Residents on Capitol Hill, where one-bedroom apartments often rent for well over $2,000, have witnessed jarring violent crimes, including a shooting captured by a doorbell camera last month.
Mr. Allen was assaulted and pistol-whipped a few years ago, he said, by two people who shot a gun right next to his head, neither of whom was ever caught.
“I’ve got a scar down the back of my head that I carry with me,” he said, adding of the perpetrators: “There was no accountability there.”
None of the violence, Mr. Allen said, was grounds for throwing him out.
The councilman noted that the city had been in a recession when he pushed for the police budget to be cut, and that Washington is far from the only city facing officer shortages. He pointed to his work expanding the police cadet pipeline and establishing a $25,000 signing bonus for new recruits.
Mr. Allen said reducing crime was the council’s highest priority but argued that merely implementing tougher sentences, as recall backers have demanded, was shortsighted. Working with “at-risk” communities to give young people opportunities, he said, was needed to pull them away from a life of crime.
“Otherwise, you’re just waiting until crime happens, then reacting to it,” he said.
Opponents of the recall have been quick to label its organizers as carpetbaggers, citing January’s campaign finance report that showed a slew of Republican donors who reside outside Ward 6 contributing.
Elizabeth Engel, the president of the Ward 6 Democrats, called the effort “a waste of energy, a waste of attention and a waste of taxpayer money” that was merely scapegoating Mr. Allen.
“Crime is an issue in D.C.,” Ms. Engel said. “But addressing it is complex, and certainly Charles is not personally responsible for any of this.”
Proponents, however, argue that Mr. Allen has exacerbated a bad situation, in the process “helping make this argument for Trump,” that crime in liberal cities is out of control, Mr. Masters said.
For April Brown, a real estate agent, a third-generation Washingtonian and the treasurer of the recall effort, the bid to remove Mr. Allen is an opportunity for those long ignored to be heard.

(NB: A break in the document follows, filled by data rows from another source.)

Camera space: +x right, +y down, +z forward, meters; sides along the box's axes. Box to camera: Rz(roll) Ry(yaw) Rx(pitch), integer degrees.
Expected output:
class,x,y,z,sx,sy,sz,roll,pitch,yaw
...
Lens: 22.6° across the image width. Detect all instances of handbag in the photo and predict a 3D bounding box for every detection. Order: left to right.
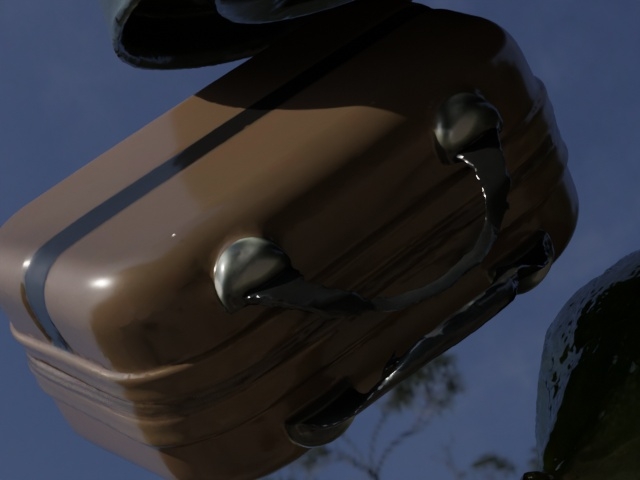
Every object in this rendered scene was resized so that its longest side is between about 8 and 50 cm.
class,x,y,z,sx,sy,sz,roll,pitch,yaw
handbag,0.000,0.000,0.841,0.302,0.283,0.149,-33,-63,-20

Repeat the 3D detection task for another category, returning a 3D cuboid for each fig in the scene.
class,x,y,z,sx,sy,sz,roll,pitch,yaw
fig,0.191,0.093,0.828,0.203,0.203,0.235,-43,-19,27

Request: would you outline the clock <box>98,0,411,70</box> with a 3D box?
class,x,y,z,sx,sy,sz,roll,pitch,yaw
clock,0.048,-0.210,0.882,0.386,0.076,0.386,-24,-6,-3

Ms. Brown, who is Black, said her own experience with crime in Washington — her mother was carjacked by four teenagers, none of whom was ever caught, and she witnessed an attempted carjacking down her street — has spurred her to speak out.
“Sometimes I feel like we’re silenced,” she said. “Unfortunately, I feel that’s what a lot of politicians do. They want to speak for the Black community, not with the Black community.”

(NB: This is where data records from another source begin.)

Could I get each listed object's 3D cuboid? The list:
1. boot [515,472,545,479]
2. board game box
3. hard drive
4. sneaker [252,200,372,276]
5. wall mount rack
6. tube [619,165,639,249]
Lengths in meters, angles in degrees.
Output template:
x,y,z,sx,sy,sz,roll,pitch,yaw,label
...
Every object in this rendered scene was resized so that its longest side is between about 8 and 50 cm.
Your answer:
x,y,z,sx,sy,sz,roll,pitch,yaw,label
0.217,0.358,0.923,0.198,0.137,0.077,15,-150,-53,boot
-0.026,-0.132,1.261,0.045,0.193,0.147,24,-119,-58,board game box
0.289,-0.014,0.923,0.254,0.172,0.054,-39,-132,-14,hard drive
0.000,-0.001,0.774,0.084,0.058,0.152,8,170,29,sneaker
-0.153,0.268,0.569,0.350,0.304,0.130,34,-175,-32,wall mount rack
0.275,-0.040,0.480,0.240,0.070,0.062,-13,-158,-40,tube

Mark Ugoretz, a retired lobbying executive who moved to Washington in 1968 during riots following the assassination of Martin Luther King Jr. and is backing the recall of Mr. Allen, said the brazenness of crime in the city had resonated with residents across political and economic lines.
“This is the first time we’ve had crime where some kid can stick a Glock at your face and steal your car,” he said.